The Union of Theological Students, 1882-1883

Lane Seminary, a Presbyterian institution in Walnut Hills founded in 1829, maintained a progressive theological stance through much of its century-long history. During the academic year of 1882-1883, a significant group of Lane’s faculty and students entered into a “Union Theological Association” with the first graduating class of the Hebrew Union Seminary. It is not clear how long this Union Theological Association lasted – there was coverage in three mainstream Cincinnati newspapers of an organizational meeting in November 1882 and the first two monthly meetings in December and January 1883. I have only found single article coverage from the February and March meetings. The report of the March meeting ended with the announcement of the next meeting for April, but I have found no articles from April or any further meetings, and no evidence of continuation after the first year.

Even this short-lived documented association between the two theological seminaries is striking. Rabbi Isaac Mayer Wise led the Reform movement in American Judaism, in part by integrating women into full participation in congregational life, worship, and liturgical music. (Conservative Judaism formed among congregations that rejected these reforms.) Rabbi Wise had received his training in Europe; most Rabbis in the US were also adult immigrants. Several small rabbinical schools had failed in the US owing to lack of funding. The reform movement recruited a collective of congregations – a Hebrew Union – to support a training center for an American rabbinate.

Wise founded Hebrew Union College in a converted mansion on West Sixth Street in downtown Cincinnati in 1875. The school had an eight-year curriculum. Students from throughout the country came to Cincinnati for public high school and attended the religious college after school from 2pm. They then enrolled in the University of Cincinnati and arranged their schedules to attend classes at both institutions for another four years. Rabbi Wise, in the early years joined by Rabbi Max Lilienthal who had earned a Ph D at Munich, taught Hebrew, the rabbinic commentaries of the Talmud, and emerging German linguistic and historical criticism of scripture.

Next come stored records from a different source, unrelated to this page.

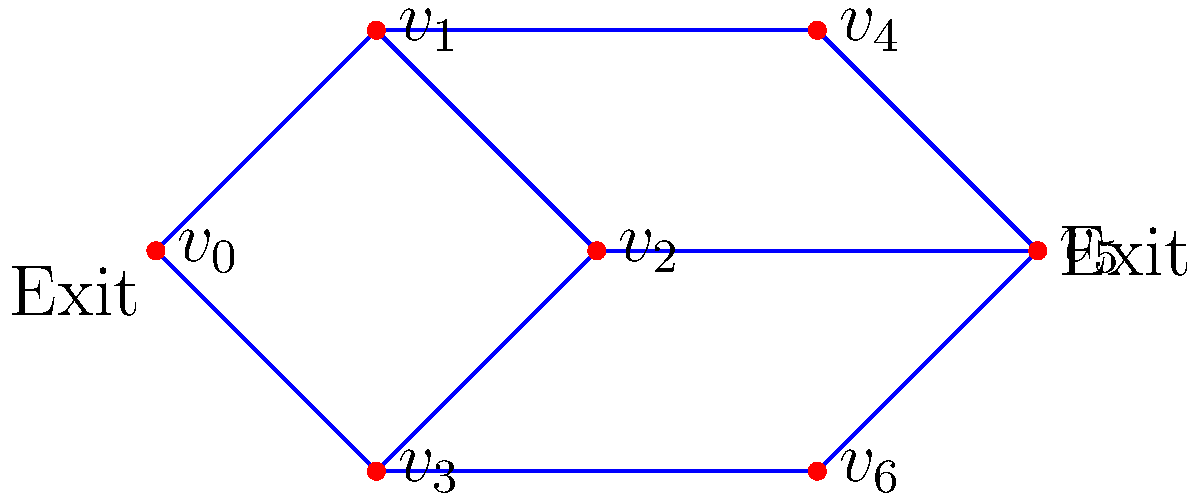Given the graph representing a shopping mall layout, where vertices represent intersections and edges represent corridors, determine the edge connectivity of the graph. How many edges need to be removed to disconnect the two emergency exits (located at $v_0$ and $v_5$)? Suggest one improvement to increase the mall's safety based on this analysis. To solve this problem, we'll follow these steps:

1. Identify the emergency exits: $v_0$ and $v_5$.

2. Determine the edge connectivity of the graph:
   - The edge connectivity is the minimum number of edges that need to be removed to disconnect the graph.
   - In this case, removing edges $(v_1, v_2)$ and $(v_2, v_5)$ would disconnect the graph.
   - Therefore, the edge connectivity of the graph is 2.

3. Find the minimum number of edges to disconnect the emergency exits:
   - We need to find the minimum number of edge-disjoint paths between $v_0$ and $v_5$.
   - Path 1: $v_0 - v_1 - v_2 - v_5$
   - Path 2: $v_0 - v_3 - v_6 - v_5$
   - There are two edge-disjoint paths, so we need to remove at least 2 edges to disconnect the exits.

4. Suggest an improvement:
   - The current edge connectivity (2) is relatively low for emergency routes.
   - To increase safety, we can add a direct corridor between $v_0$ and $v_5$.
   - This would increase the edge connectivity to 3, making the emergency exit routes more robust.
Answer: 2 edges; add direct corridor between $v_0$ and $v_5$ 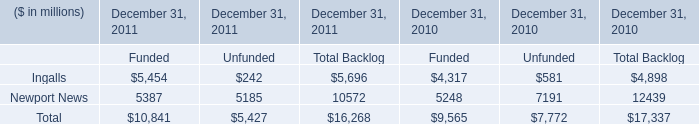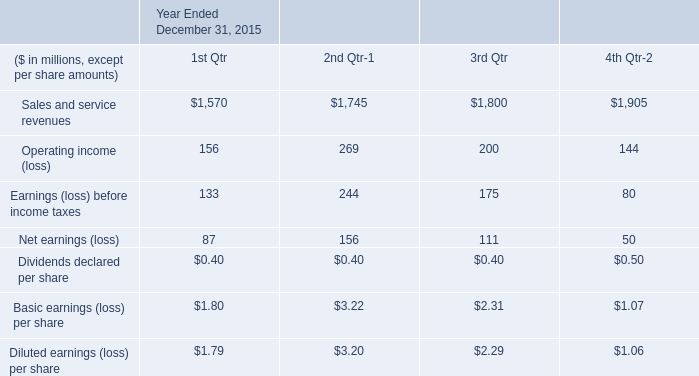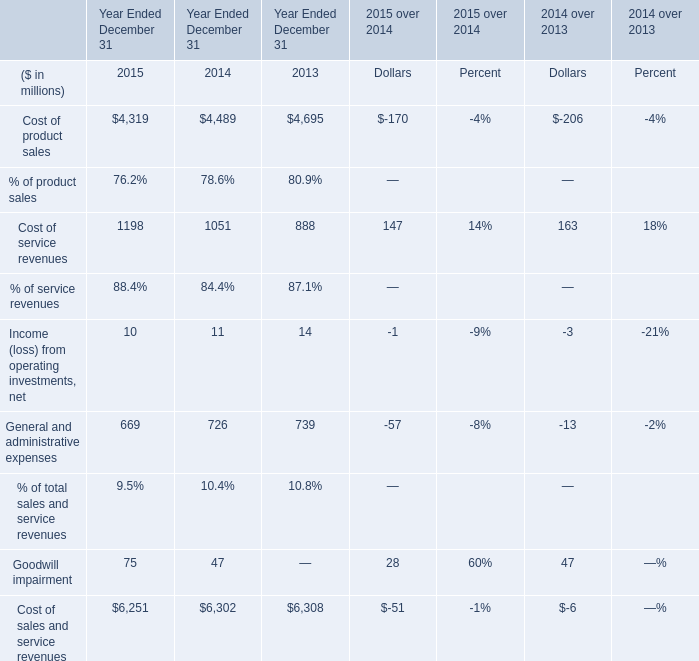between 2015 and 2013 what was the average compensation expense related to the issuing of the stock award in millions 
Computations: (((43 + 34) + 44) / 3)
Answer: 40.33333. In the yearwith the most Cost of service revenues, what is the growth rate of Income (loss) from operating investments, net? 
Computations: ((10 - 11) / 10)
Answer: -0.1. 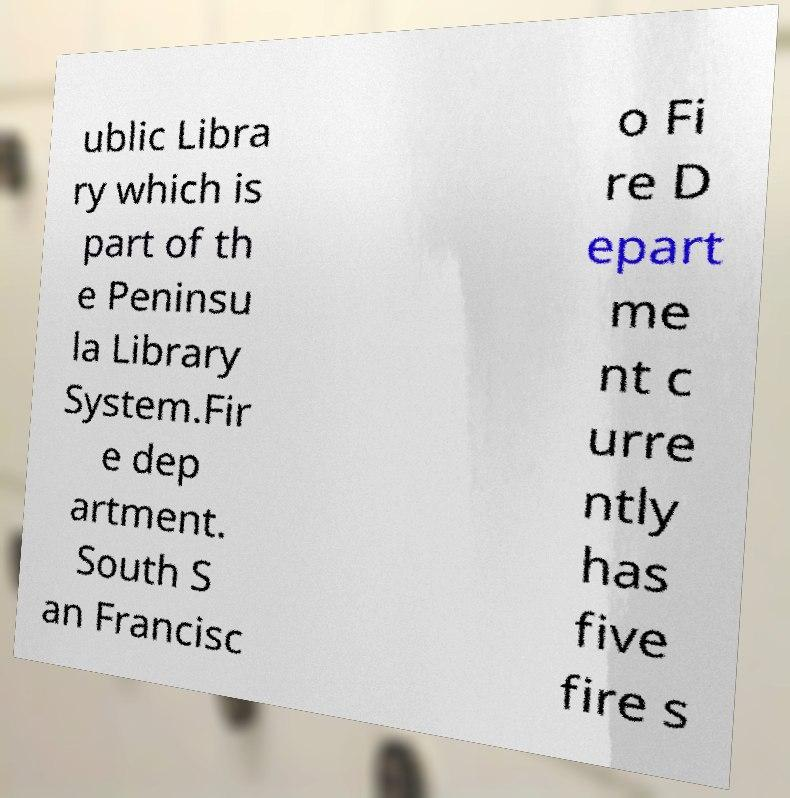Can you accurately transcribe the text from the provided image for me? ublic Libra ry which is part of th e Peninsu la Library System.Fir e dep artment. South S an Francisc o Fi re D epart me nt c urre ntly has five fire s 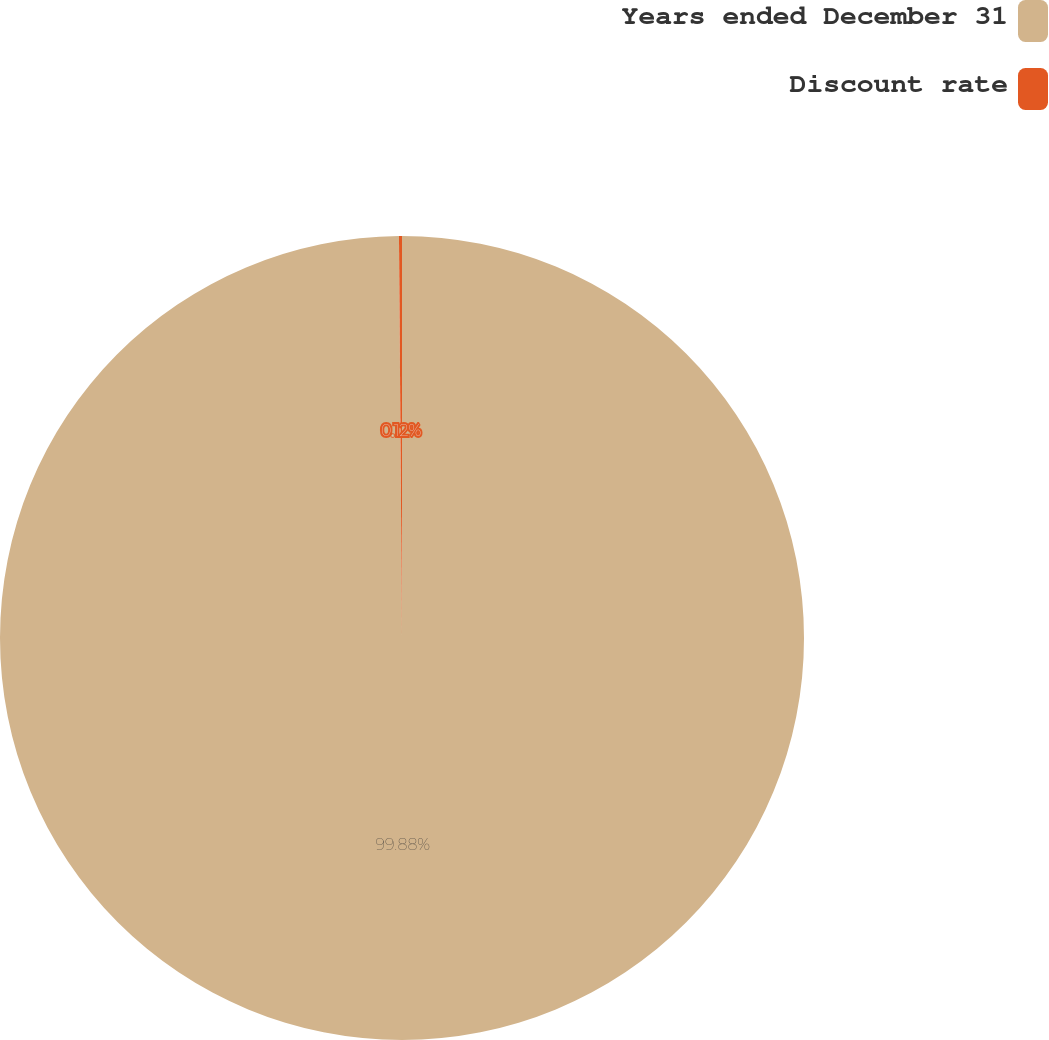<chart> <loc_0><loc_0><loc_500><loc_500><pie_chart><fcel>Years ended December 31<fcel>Discount rate<nl><fcel>99.88%<fcel>0.12%<nl></chart>

It is not completely surprising that Hebrew Union, the center of Reform Judaism in America, embraced a theological union with Lane Seminary. Rabbi Wise was among the earliest Jewish scholars to apply new intellectual techniques to the Christian gospels. His 1874 book “The Martyrdom of Jesus of Nazareth” claimed Jesus as a Jew and argued that the Romans, not the Hebrew Pharisees, were responsible for the crucifixion. The first meeting of the joint Hebrew Union and Lane Seminary students and faculty in November 1872 was in fact a momentous occasion. In a fascinating difference of language, the Enquirer said that the schools wanted to explore each other’s “faiths” – a word indicating different religions. The Cincinnati Commercial reported that the schools want to explore the “faith” (the belief) of the other “denominations,” a term used more frequently for closely related religions like “Protestant denominations.” The difference could simply reflect the opinions and vocabularies of the reporters, but the idea that the Reformed Jewish seminary wanted to present itself as just another Judeo-Christian denomination is a very real possibility. (The new Cincinnati Post also noted the meeting, although it did not send a reporter.)

For its part, Lane too shared a heritage with German scholarship and the new historical Biblical criticism. Henry Preserved Smith, an 1869 graduate of Amherst College who completed his studies at Lane in 1869-1872, went to Berlin and Leipzig for three years. He returned to Lane as a professor of Hebrew, Old Testament and Exegesis in the late 1870s through the early 1890s. He was an active participant in the joint discussions with Hebrew Union. Smith taught that, while all scripture is inspired by the Holy Spirit, it is possible that it might not all be strictly speaking true; in the shorthand of heretic-hunters, he denied the inerrancy of the Bible. His analysis of Christian scripture, like the rabbinic interpretation by Wise, marked a radical new departure. His writings were so controversial that his colleagues in the Presbytery of Cincinnati would charge him with heresy in 1892.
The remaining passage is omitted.